(Data records)

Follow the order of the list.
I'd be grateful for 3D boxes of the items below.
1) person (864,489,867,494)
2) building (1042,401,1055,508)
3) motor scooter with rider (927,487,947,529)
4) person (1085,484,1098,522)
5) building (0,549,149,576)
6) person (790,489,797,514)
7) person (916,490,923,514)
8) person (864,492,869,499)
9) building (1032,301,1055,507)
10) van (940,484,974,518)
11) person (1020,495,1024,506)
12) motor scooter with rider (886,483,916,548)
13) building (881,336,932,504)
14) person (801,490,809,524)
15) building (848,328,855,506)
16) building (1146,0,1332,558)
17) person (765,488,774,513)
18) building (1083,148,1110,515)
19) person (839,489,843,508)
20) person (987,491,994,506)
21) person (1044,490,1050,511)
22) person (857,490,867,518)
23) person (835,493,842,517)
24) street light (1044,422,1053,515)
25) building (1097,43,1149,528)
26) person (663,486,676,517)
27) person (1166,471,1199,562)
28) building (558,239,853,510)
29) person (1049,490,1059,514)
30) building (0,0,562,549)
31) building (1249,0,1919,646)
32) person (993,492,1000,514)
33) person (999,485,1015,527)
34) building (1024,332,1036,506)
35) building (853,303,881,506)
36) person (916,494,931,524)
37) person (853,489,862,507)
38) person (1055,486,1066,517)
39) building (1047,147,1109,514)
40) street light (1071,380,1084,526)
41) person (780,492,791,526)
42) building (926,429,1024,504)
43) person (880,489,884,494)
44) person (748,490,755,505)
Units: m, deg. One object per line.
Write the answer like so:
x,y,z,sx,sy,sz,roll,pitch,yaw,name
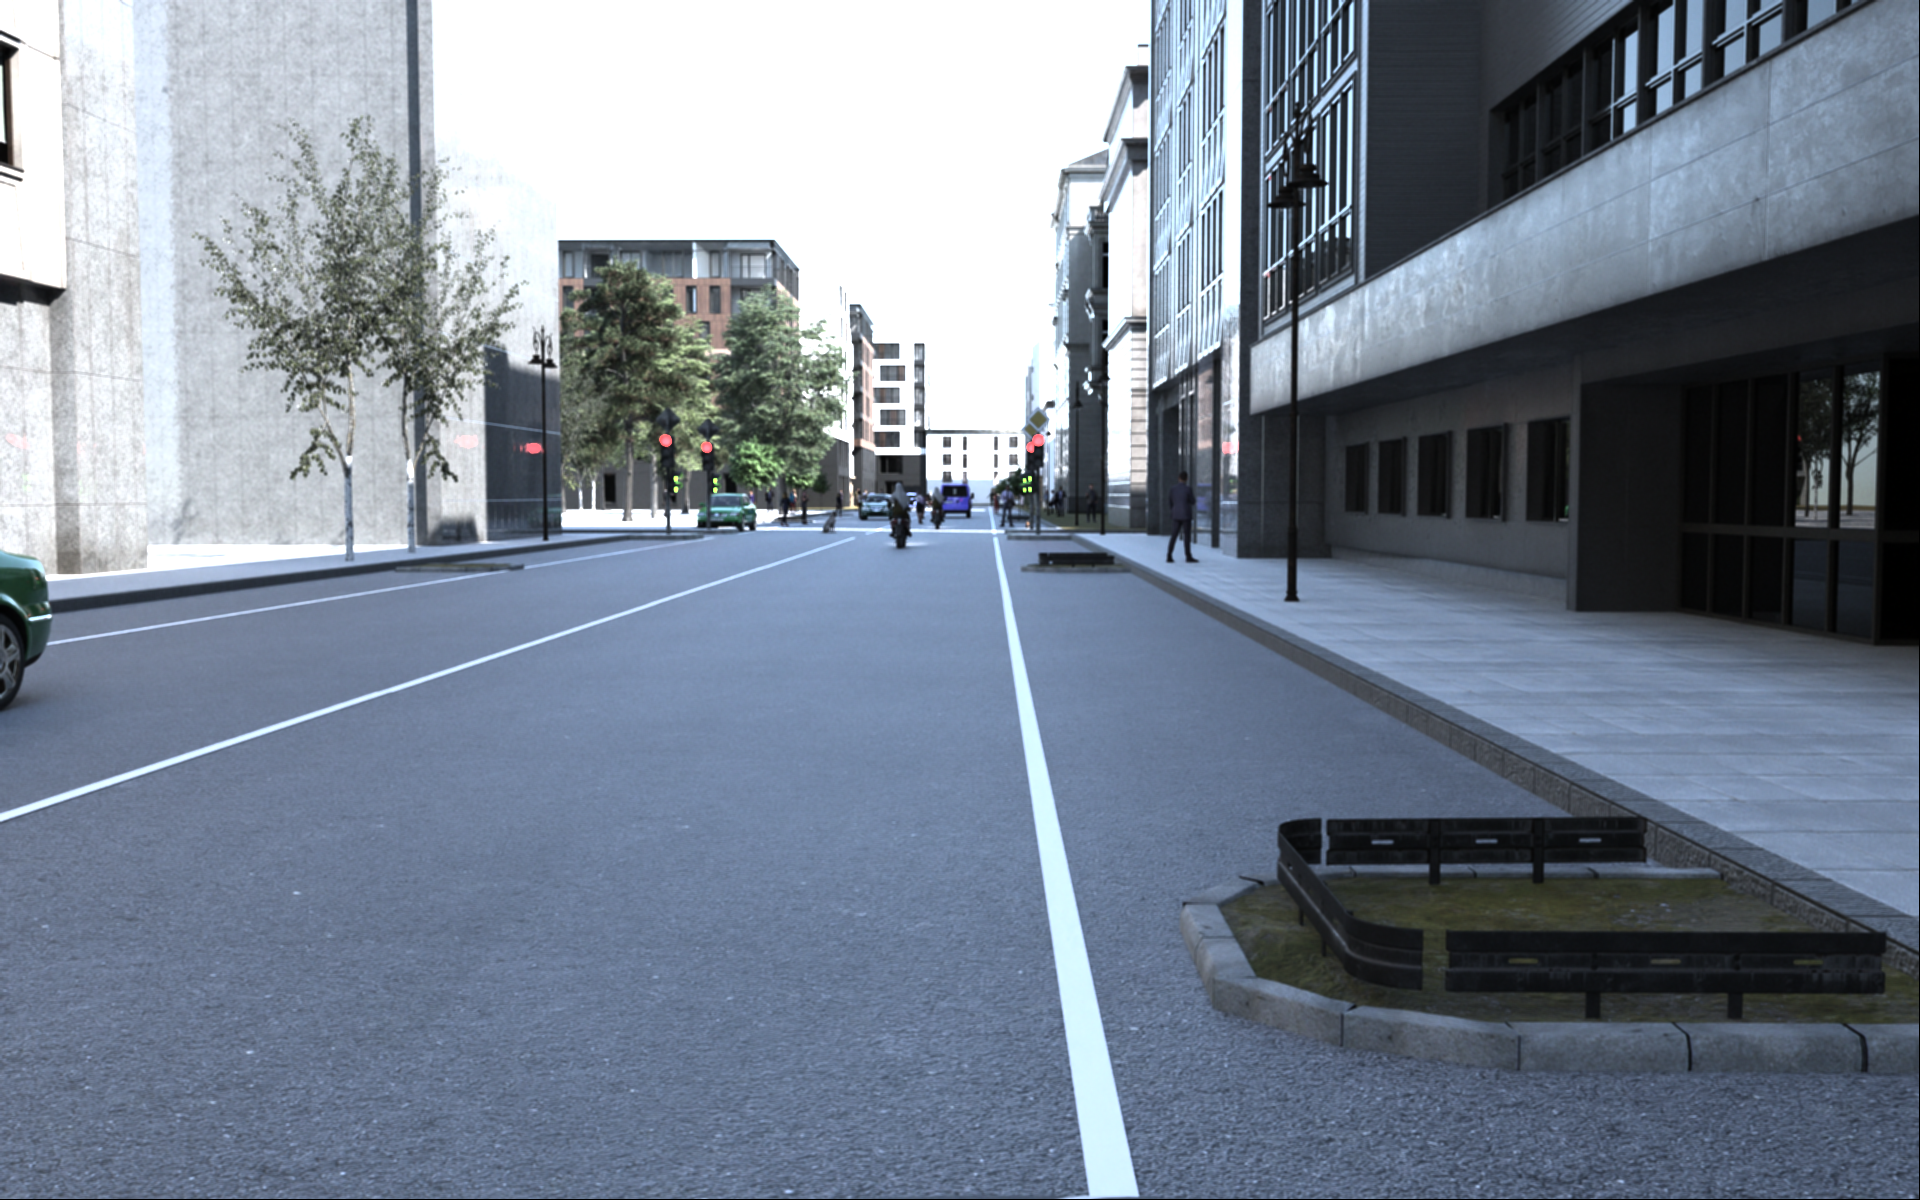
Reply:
-9.377,-10.000,170.073,0.750,1.759,0.617,3,5,39,person
12.295,-13.060,155.671,9.099,9.664,28.070,0,4,1,building
-0.895,-3.798,71.062,0.876,1.779,1.986,0,4,0,motor scooter with rider
5.969,-4.393,78.397,0.617,1.759,0.750,0,4,0,person
-19.986,-12.288,18.935,12.078,24.808,19.932,0,4,1,building
-10.557,-6.206,109.211,0.444,1.614,0.593,-1,4,-17,person
-2.940,-7.038,124.246,0.621,1.740,0.551,3,4,39,person
-6.379,-6.620,119.001,0.388,1.546,0.482,3,5,40,person
15.331,-19.507,175.353,16.016,20.091,11.380,0,4,1,building
-0.276,-6.217,106.033,2.240,2.365,5.245,0,4,1,van
6.487,-10.676,181.256,0.551,1.740,0.621,2,4,30,person
-1.549,-2.281,46.261,0.876,1.779,1.986,0,4,2,motor scooter with rider
-20.514,-24.070,237.513,32.646,21.610,27.936,0,4,1,building
-7.338,-4.427,82.348,0.593,1.643,0.415,3,5,41,person
-18.898,-19.629,177.346,16.016,20.091,11.380,0,4,1,building
11.692,-13.798,43.627,12.078,24.808,19.932,0,4,1,building
-12.867,-6.728,116.864,0.655,1.722,0.431,1,4,21,person
14.142,-16.898,95.370,14.460,24.649,34.723,0,4,1,building
-10.644,-9.036,154.693,0.530,1.710,0.541,-2,4,-24,person
3.928,-12.560,213.874,1.348,1.821,0.705,-2,4,-25,person
6.398,-7.306,127.556,0.319,1.574,0.516,-3,5,-41,person
-5.749,-5.617,101.793,0.566,1.644,0.517,1,4,12,person
-7.639,-5.974,108.716,0.613,1.512,0.480,2,4,32,person
5.321,-8.025,103.992,0.468,5.910,1.993,0,4,1,street light
17.951,-13.928,69.531,24.055,21.916,13.314,0,4,1,building
-16.045,-5.440,95.787,0.742,1.727,0.445,-1,4,-12,person
4.172,-1.562,32.499,0.530,1.710,0.541,-3,5,-42,person
-25.058,-19.041,155.287,27.936,21.610,32.646,0,4,1,building
6.039,-6.314,111.490,0.590,1.554,0.614,1,4,20,person
-22.587,-14.069,48.058,19.932,24.808,12.078,0,4,1,building
12.468,-12.208,18.667,14.314,24.678,30.058,0,4,1,building
2.632,-6.963,124.049,0.444,1.614,0.593,0,4,-3,person
2.086,-4.138,76.018,0.709,1.838,0.599,0,4,-5,person
16.035,-20.254,197.602,16.747,18.905,31.486,0,4,1,building
-26.679,-21.760,199.758,32.646,21.610,27.936,0,4,1,building
-1.798,-4.392,83.541,0.697,1.427,0.421,2,4,26,person
-9.808,-9.819,166.671,1.348,1.812,0.705,-3,5,-41,person
5.674,-5.577,98.041,0.655,1.722,0.431,3,5,43,person
12.933,-20.055,125.169,12.463,27.353,25.104,0,4,1,building
4.770,-5.980,70.555,0.468,5.910,1.993,0,4,1,street light
-7.789,-4.040,77.101,0.480,1.512,0.613,1,4,8,person
9.680,-17.444,227.361,28.070,9.664,9.099,0,4,1,building
-5.516,-6.739,119.129,0.568,1.767,0.683,2,4,35,person
-13.645,-6.413,113.272,0.453,1.535,0.546,-1,4,-20,person

• **Task requirements**: Beginning with the line that has "1) person (864,489,867,494)" and ending with the line that has "42) building (926,429,1024,504)", set down the lines above exactly and include no others.

• **Answer to this task**:
1) person (864,489,867,494)
2) building (1042,401,1055,508)
3) motor scooter with rider (927,487,947,529)
4) person (1085,484,1098,522)
5) building (0,549,149,576)
6) person (790,489,797,514)
7) person (916,490,923,514)
8) person (864,492,869,499)
9) building (1032,301,1055,507)
10) van (940,484,974,518)
11) person (1020,495,1024,506)
12) motor scooter with rider (886,483,916,548)
13) building (881,336,932,504)
14) person (801,490,809,524)
15) building (848,328,855,506)
16) building (1146,0,1332,558)
17) person (765,488,774,513)
18) building (1083,148,1110,515)
19) person (839,489,843,508)
20) person (987,491,994,506)
21) person (1044,490,1050,511)
22) person (857,490,867,518)
23) person (835,493,842,517)
24) street light (1044,422,1053,515)
25) building (1097,43,1149,528)
26) person (663,486,676,517)
27) person (1166,471,1199,562)
28) building (558,239,853,510)
29) person (1049,490,1059,514)
30) building (0,0,562,549)
31) building (1249,0,1919,646)
32) person (993,492,1000,514)
33) person (999,485,1015,527)
34) building (1024,332,1036,506)
35) building (853,303,881,506)
36) person (916,494,931,524)
37) person (853,489,862,507)
38) person (1055,486,1066,517)
39) building (1047,147,1109,514)
40) street light (1071,380,1084,526)
41) person (780,492,791,526)
42) building (926,429,1024,504)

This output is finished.